Task details - Drop all images. Then write out each line below exactly as given.

*** Block opens ***

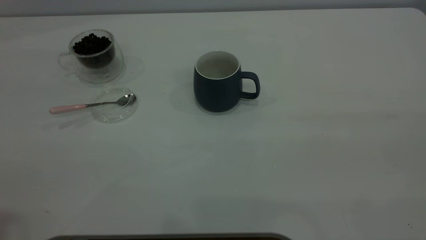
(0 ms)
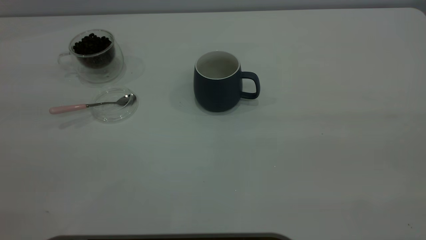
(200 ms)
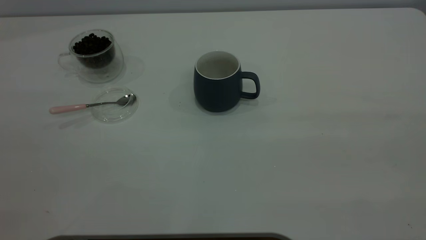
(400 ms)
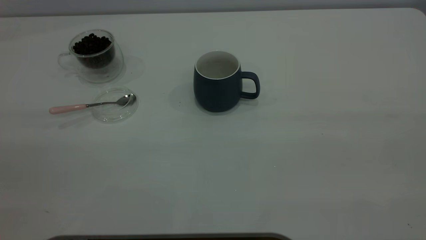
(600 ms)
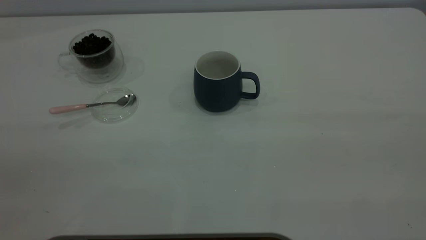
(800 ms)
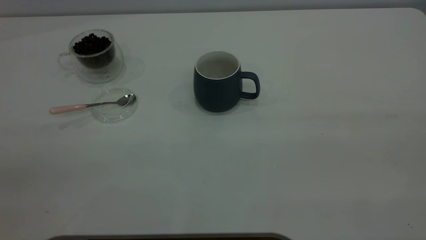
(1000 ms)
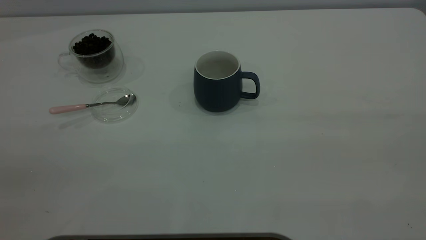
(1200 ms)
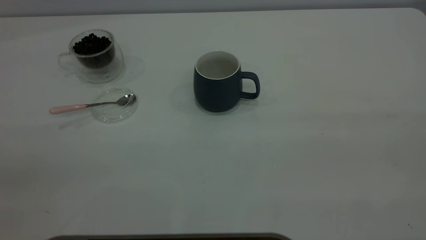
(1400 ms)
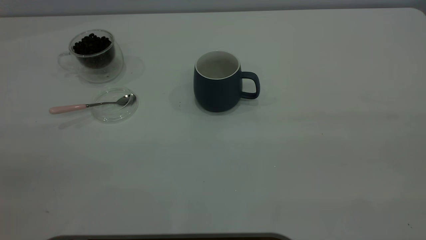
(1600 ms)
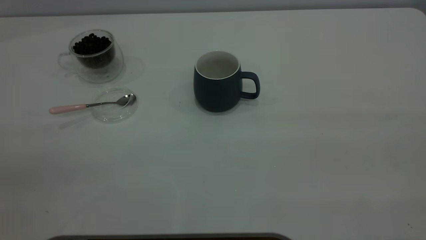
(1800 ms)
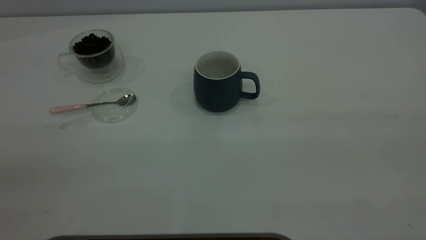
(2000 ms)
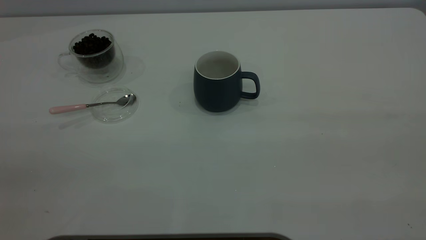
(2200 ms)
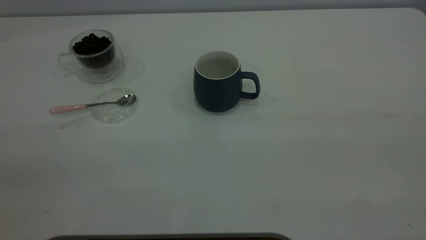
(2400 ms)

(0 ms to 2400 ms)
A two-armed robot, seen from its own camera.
Task of the whole recording: the right gripper place the grey cup in the center of the table, the left gripper take the pink spoon from the cup lid and scoop out the coffee beans from the coffee cup and put them into the grey cup, the left gripper put the spoon back into the cup lid.
1200 ms - 2400 ms: Both grippers stay about where they are.

*** Block closes ***

Solved exercise -
(0 ms)
(200 ms)
(400 ms)
(600 ms)
(800 ms)
(1000 ms)
(1200 ms)
(1400 ms)
(1600 ms)
(1800 ms)
(2000 ms)
(2200 ms)
(2400 ms)

(0 ms to 2400 ms)
A two-armed robot, seen from its own camera.
Task of the whole recording: the right gripper place the grey cup in the center of the table, the left gripper take the pink spoon from the cup lid and scoop out the coffee beans from the coffee cup and put them into the grey cup, the left gripper put the spoon back into the cup lid.
1200 ms - 2400 ms: Both grippers stay about where they are.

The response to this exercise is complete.